The worse part is that, per capita, your system is more expensive than many “universal coverage” systems. I don’t know where the money is going, but it doesn’t appear to be toward providing care.

[quote]CantStop wrote:
The Moore film did really put the US healthcare in a bad light but I couldn’t take it too seriously. He did not provide any sort of counter argument leaving me feel that the documentary was unbalanced.
[/quote]

No!!! Michael Moore puts out a crock-umentary that’s unbalanced? Never!! Never, I say!!!

(I’ve seen ‘Roger and Me’ and ‘Bowling for Columbine’. I deeply regret that any of my $$ went into that fraud’s pocket. Also, those 2 were enough.)

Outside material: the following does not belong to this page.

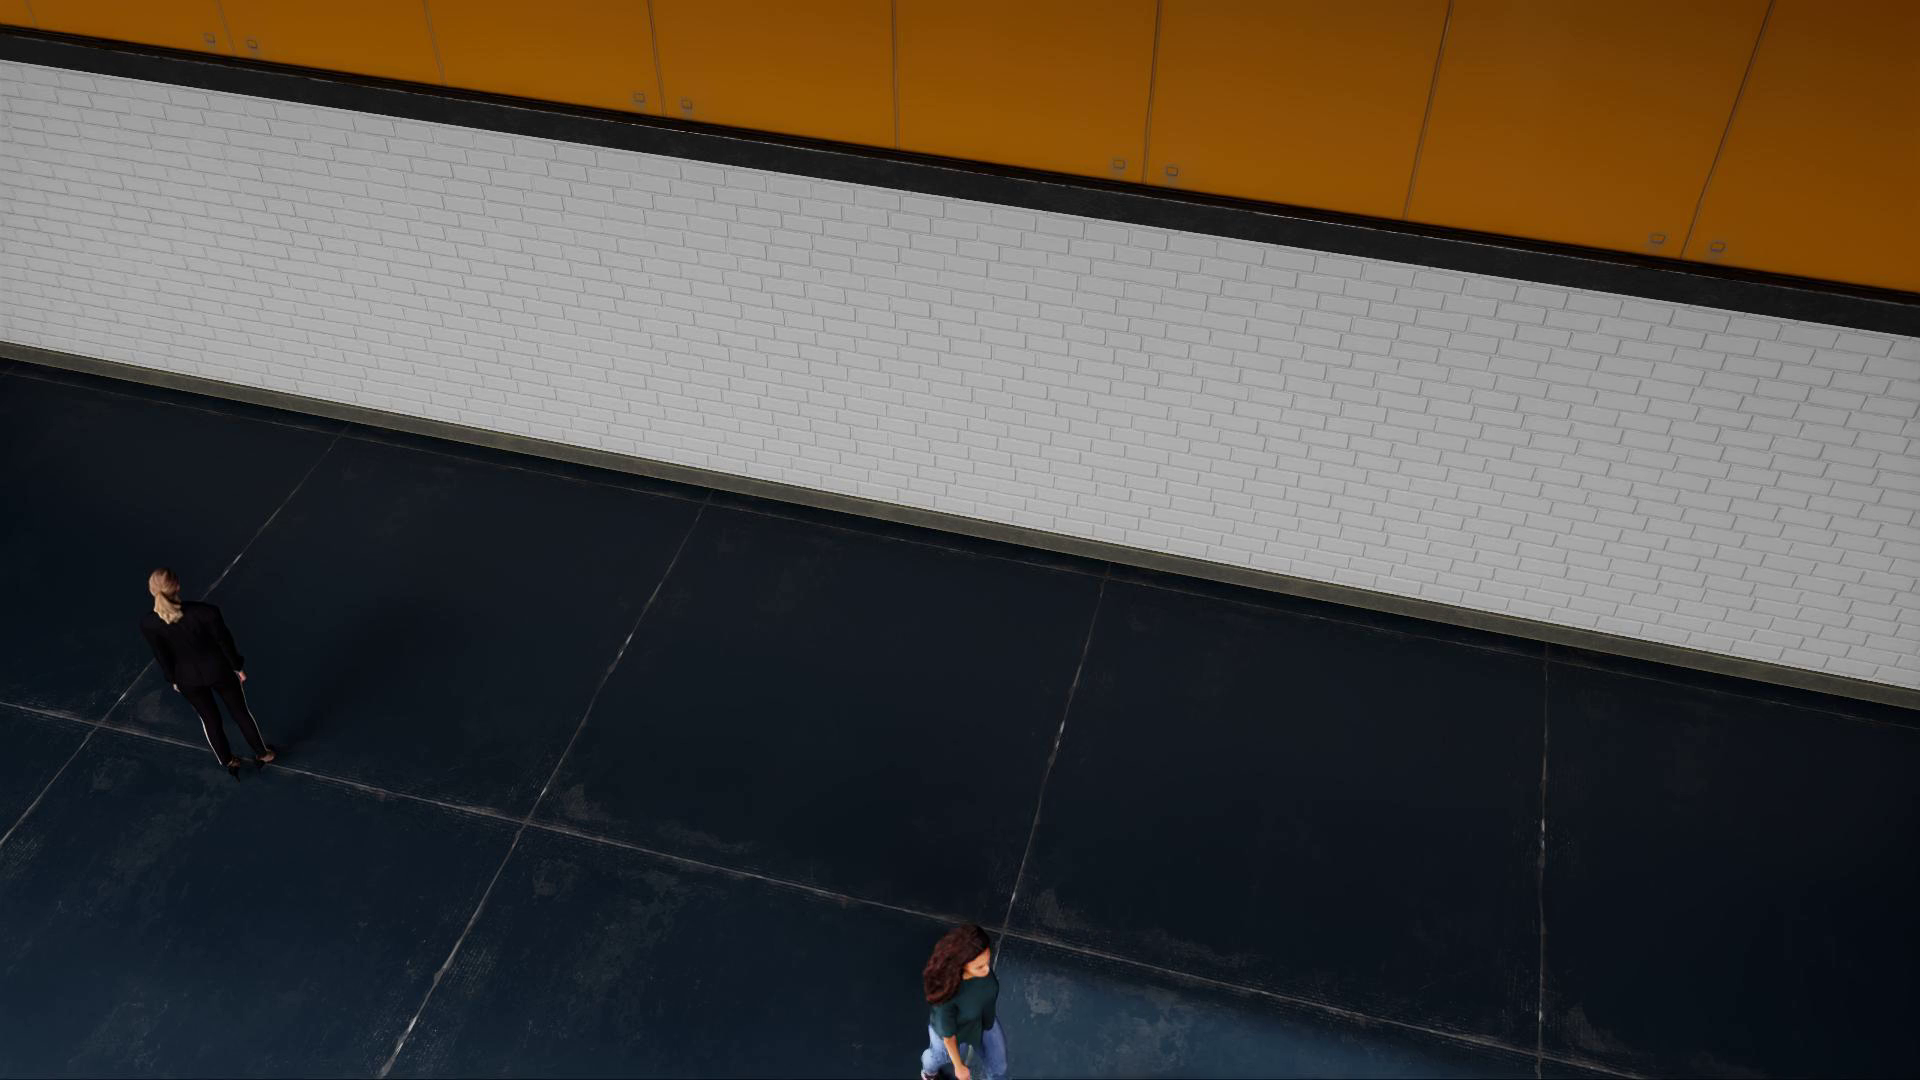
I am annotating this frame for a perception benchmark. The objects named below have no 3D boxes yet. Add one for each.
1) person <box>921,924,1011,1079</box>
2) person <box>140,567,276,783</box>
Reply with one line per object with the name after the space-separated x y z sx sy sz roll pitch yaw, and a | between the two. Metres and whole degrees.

I wonder if anyone has bothered to ask the doctors if they don’t mind taking orders from government bureaucrats. I know that it would be a thrill to study for 10 years, suffer through residency, finally start to make money at about age 30, and then have some seedy gov’t bureaucrat tell me how much I may earn and who I must serve.

Is the goal of being a doctor to be a robot who takes orders? If so, if doctors are to be made slaves, what will we depend on when they operate on us? Does anyone here WANT to be operated on by someone who doesn’t mind being a slave?

Oh, the doctors’ opinions don’t matter? Well, as long as we’re going to tell highly intelligent people what to do…

[quote]
Lorisco wrote:
The ambulance companies are also regulated by the county. They are required to take an emergency patient to the nearest hospital that can treat them. And any hospital, private or public, that operates an Emergency Department must treat all patients regardless of ability to pay. That is the law.

vroom wrote:
I haven’t seen the movie, but let me ask a question about this. There is an issue above and beyond getting treatment. Do these people get a bill whether or not they have the ability to pay, so that they are basically forced into bankruptcy?

I don’t know the answer, but unless the care is “free” when you don’t have coverage, then getting emergency treatment is only half the story…[/quote]

This can happen, but its frequency gets wildly overstated by advocates of universal health care.